Впрочем, чувство это было только минутное. Чем более он жил, тем более привыкал и становился равнодушен к декорациям жизни.
– Думал ли я встретить вас здесь? – сказал он тихо.
Аптекарша вздохнула.
– И встретить вас… замужем?
Взгляд, исполненный бессильной укоризны, был ответом на грустное напоминание.
– Батюшка ваш здоров?
– Батюшка мой умер.
Барон повесил голову. Он и не знал даже об этом.
Ему стало грустно, но он вдруг рассеялся самым заманчивым, самым светским и порочным рассуждением: «Отец умер. Она его более не боится. Муж колпак; его провести нетрудно. Она любила меня; а здесь, в этом захолустье, соперников, я думаю, немного… По крайней мере мне будет занятие».
– Вам скучно здесь? – сказал он голосом нежного сострадания.
– Да, – продолжала аптекарша со слезами на глазах. – Батюшка мой умер, умер и оставил меня сиротой. Бедный мой батюшка! Он часто о вас говаривал; с того времени жизнь моя разорвалась надвое; я на все начала глядеть другими глазами, и, право, я не знаю, как бы я могла прожить одну минуту, если б мне не оставалось воспоминания…

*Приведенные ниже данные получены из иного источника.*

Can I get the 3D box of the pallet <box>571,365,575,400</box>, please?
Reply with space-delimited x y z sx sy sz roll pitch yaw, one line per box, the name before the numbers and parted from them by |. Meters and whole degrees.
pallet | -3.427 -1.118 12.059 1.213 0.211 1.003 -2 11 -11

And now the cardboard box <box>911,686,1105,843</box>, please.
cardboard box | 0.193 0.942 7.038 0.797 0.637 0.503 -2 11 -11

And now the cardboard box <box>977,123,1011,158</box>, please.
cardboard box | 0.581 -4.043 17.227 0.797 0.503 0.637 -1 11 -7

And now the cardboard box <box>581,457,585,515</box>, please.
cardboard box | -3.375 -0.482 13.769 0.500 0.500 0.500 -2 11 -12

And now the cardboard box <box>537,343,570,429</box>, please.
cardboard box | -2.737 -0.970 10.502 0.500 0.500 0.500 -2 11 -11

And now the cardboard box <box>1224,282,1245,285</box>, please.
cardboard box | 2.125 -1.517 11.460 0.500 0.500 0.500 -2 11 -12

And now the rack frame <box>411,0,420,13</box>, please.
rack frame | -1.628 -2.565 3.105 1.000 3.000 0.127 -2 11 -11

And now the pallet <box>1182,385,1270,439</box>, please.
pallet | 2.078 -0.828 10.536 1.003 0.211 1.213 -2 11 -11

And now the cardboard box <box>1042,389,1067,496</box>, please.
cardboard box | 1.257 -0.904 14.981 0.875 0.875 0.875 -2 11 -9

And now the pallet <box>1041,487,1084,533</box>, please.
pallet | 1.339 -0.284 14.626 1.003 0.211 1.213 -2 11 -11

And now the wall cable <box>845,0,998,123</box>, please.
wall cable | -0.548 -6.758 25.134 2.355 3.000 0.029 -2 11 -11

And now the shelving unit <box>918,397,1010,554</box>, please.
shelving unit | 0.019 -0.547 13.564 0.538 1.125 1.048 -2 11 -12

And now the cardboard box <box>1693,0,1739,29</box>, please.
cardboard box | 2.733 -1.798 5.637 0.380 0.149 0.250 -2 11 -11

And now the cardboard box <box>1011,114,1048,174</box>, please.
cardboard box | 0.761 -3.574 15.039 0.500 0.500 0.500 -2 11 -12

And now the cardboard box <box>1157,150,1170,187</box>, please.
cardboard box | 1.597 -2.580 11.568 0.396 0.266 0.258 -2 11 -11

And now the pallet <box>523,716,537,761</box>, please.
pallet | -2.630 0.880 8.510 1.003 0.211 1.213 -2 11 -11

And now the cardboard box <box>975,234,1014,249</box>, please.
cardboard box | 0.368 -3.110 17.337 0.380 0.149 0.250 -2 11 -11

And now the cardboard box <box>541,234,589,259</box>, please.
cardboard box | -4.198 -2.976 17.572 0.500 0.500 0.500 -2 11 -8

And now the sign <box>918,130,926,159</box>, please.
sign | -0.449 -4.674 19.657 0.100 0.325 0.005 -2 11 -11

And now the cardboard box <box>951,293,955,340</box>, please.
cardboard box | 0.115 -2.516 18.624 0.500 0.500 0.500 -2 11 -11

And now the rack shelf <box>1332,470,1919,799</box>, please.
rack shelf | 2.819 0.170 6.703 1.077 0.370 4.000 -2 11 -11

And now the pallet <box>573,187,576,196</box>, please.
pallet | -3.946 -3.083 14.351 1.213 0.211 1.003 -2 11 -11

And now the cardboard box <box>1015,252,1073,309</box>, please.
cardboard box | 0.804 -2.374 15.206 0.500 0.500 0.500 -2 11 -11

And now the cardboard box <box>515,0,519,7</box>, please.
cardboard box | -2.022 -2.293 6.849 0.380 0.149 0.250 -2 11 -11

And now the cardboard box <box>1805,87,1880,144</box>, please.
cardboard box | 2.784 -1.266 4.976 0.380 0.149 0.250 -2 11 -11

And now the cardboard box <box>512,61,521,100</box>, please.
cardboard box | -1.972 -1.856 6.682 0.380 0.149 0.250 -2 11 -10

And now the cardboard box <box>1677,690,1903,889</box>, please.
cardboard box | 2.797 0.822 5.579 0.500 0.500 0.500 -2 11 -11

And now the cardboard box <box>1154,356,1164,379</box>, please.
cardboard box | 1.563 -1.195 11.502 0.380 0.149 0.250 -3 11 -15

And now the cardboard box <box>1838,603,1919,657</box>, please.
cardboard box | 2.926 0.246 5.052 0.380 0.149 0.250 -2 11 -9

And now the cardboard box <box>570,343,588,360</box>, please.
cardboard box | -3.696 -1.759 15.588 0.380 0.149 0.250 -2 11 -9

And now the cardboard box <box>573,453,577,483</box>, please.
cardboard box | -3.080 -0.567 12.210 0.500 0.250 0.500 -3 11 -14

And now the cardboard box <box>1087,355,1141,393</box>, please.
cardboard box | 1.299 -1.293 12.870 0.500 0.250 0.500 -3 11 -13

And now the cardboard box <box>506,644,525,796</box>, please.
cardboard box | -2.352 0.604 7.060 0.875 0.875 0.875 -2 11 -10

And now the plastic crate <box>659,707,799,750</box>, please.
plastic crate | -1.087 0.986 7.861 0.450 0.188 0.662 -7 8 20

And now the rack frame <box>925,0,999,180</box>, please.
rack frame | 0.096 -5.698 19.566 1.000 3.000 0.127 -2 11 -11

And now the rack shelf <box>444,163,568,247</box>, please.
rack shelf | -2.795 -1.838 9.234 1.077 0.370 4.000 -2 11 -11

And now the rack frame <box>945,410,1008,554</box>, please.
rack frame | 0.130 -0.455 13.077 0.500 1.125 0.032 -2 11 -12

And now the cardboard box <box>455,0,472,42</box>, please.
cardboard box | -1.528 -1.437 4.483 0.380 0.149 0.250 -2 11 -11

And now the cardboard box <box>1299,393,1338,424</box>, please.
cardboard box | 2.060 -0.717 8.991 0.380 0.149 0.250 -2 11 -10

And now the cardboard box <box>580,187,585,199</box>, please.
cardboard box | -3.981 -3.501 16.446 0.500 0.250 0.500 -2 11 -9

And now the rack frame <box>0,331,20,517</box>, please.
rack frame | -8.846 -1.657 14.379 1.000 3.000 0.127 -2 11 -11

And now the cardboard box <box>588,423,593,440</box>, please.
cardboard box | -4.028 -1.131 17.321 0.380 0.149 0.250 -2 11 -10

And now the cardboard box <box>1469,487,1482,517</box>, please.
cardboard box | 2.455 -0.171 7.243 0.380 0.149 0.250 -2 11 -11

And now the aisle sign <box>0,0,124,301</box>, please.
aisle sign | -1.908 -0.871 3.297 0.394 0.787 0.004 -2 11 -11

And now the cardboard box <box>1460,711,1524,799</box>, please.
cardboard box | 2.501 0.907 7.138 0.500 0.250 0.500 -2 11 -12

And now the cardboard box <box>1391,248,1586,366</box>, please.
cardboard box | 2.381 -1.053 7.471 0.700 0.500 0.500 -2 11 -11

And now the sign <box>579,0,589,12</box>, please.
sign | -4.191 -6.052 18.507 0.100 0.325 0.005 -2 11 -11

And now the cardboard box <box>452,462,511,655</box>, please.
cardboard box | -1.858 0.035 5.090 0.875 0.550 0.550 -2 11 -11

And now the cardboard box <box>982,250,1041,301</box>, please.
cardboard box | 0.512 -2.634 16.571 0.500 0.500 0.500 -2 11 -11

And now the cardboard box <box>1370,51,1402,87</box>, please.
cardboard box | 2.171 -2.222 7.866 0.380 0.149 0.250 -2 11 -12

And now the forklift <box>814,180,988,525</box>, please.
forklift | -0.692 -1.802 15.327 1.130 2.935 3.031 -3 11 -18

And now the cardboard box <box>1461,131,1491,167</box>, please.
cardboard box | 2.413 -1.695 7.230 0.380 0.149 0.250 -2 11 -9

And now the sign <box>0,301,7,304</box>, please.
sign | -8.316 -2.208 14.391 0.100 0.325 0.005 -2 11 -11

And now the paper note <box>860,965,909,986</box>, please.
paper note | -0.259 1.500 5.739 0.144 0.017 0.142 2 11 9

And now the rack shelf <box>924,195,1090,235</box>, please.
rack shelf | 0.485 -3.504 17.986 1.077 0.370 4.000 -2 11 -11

«Так и есть, – подумал барон, – это намек. Ей скучно, следовательно она на все готова… И я буду настоящим школьником, если не сумею воспользоваться случаем».

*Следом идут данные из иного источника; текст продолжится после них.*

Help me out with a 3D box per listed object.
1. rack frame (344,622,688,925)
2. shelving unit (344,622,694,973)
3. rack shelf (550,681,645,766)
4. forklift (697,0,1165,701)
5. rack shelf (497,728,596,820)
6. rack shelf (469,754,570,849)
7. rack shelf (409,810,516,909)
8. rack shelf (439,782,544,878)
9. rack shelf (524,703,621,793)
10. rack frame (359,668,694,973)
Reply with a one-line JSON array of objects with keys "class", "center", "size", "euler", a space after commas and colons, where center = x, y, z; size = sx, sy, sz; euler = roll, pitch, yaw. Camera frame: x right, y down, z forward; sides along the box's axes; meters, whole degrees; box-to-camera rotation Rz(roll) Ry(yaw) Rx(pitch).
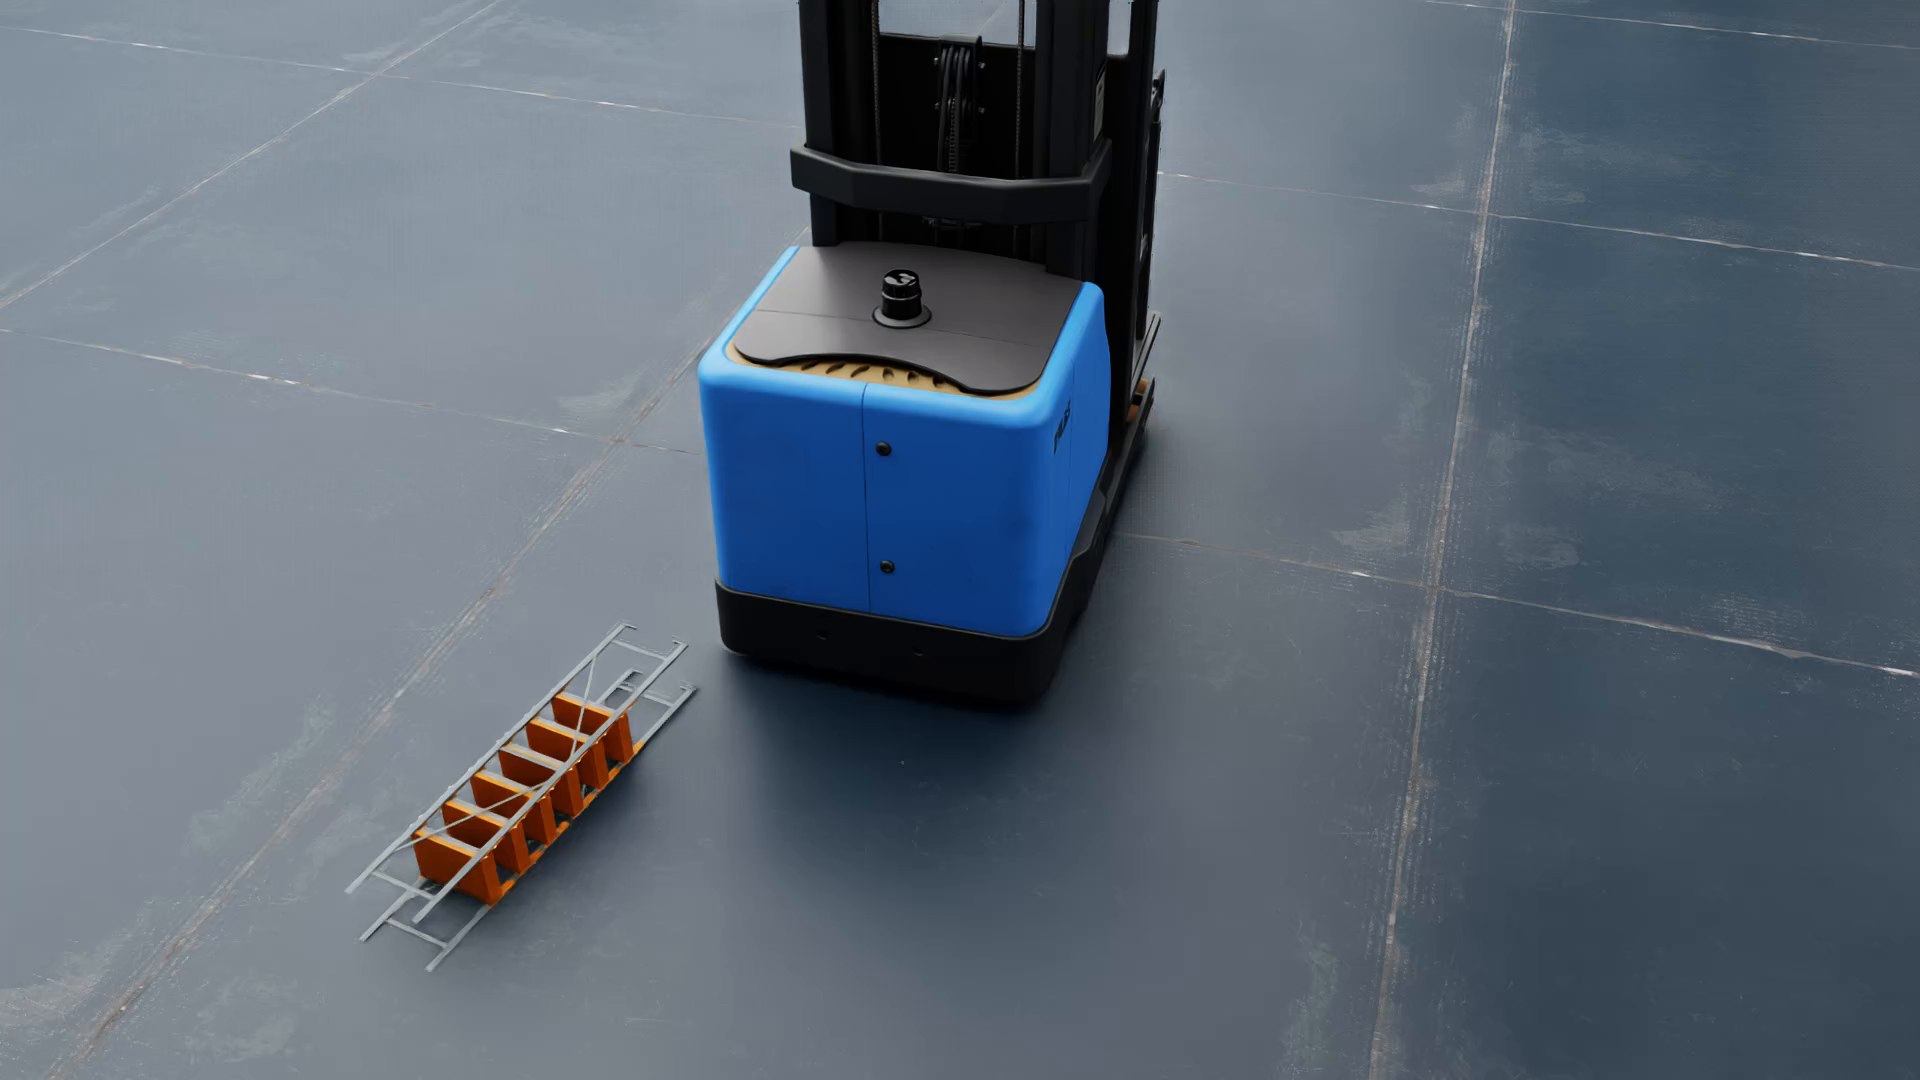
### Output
[{"class": "rack frame", "center": [-1.191, 0.605, 4.610], "size": [0.240, 0.006, 1.200], "euler": [16, 39, 21]}, {"class": "shelving unit", "center": [-1.191, 0.678, 4.665], "size": [0.258, 0.189, 1.200], "euler": [16, 39, 21]}, {"class": "rack shelf", "center": [-1.065, 0.527, 4.870], "size": [0.258, 0.180, 0.103], "euler": [16, 39, 21]}, {"class": "forklift", "center": [0.121, -1.572, 5.414], "size": [1.130, 2.935, 3.031], "euler": [9, 37, 12]}, {"class": "rack shelf", "center": [-1.171, 0.655, 4.697], "size": [0.258, 0.180, 0.103], "euler": [16, 39, 21]}, {"class": "rack shelf", "center": [-1.224, 0.719, 4.610], "size": [0.258, 0.180, 0.103], "euler": [16, 39, 21]}, {"class": "rack shelf", "center": [-1.331, 0.846, 4.437], "size": [0.258, 0.180, 0.103], "euler": [16, 39, 21]}, {"class": "rack shelf", "center": [-1.277, 0.782, 4.524], "size": [0.258, 0.180, 0.103], "euler": [16, 39, 21]}, {"class": "rack shelf", "center": [-1.118, 0.591, 4.783], "size": [0.258, 0.180, 0.103], "euler": [16, 39, 21]}, {"class": "rack frame", "center": [-1.191, 0.752, 4.719], "size": [0.240, 0.006, 1.200], "euler": [16, 39, 21]}]

– Отчего же вы вышли замуж? – спросил он.
– Я вышла замуж потому, что моему покойному отцу это было угодно. Он думал, мой добрый отец, что я буду счастлива с человеком, который будет меня любить и наверно никогда не обманет.
«Это что-то похожее на упрек, – заметил снова про себя барон. – Я не ошибся: она все еще меня любит, и как хороша она к тому! Право, наши светские красавицы не стоят ее мизинца; а как подумаешь, сколько за их пустые разговоры я истратил безвозвратно времени, забот и денег!..»
– Не всякий волен в своей судьбе, – продолжал он вслух с глубоким вздохом. – Ваш муж счастливый человек: ничто не противилось его благополучию – ни родственники, ни обстоятельства, ни даже вы сами, потому что вы, вероятно, его любили.
Аптекарша грустно улыбнулась.
– Муж мой добрый человек, – сказала она, – он искренно по-своему ко мне привязан, и я была бы неблагодарна, если б не умела ценить его достоинств.
«Ну! Тактика обыкновенная. Надо же выдумать какие-нибудь препятствия, трагические угрызения совести и т. и… чтоб потом всем пожертвовать, и требовать благодарности, и иметь чем попрекнуть».
Волнуемый такой лукавой мыслью, барон продолжал:
– Ваш муж счастливый человек: он всегда с вами, всегда подле вас. Ему позволено называть вас нежными именами, прижимать вас к груди своей и забывать все на свете, чтоб надышаться вашей речью и заглядеться вашей красотой.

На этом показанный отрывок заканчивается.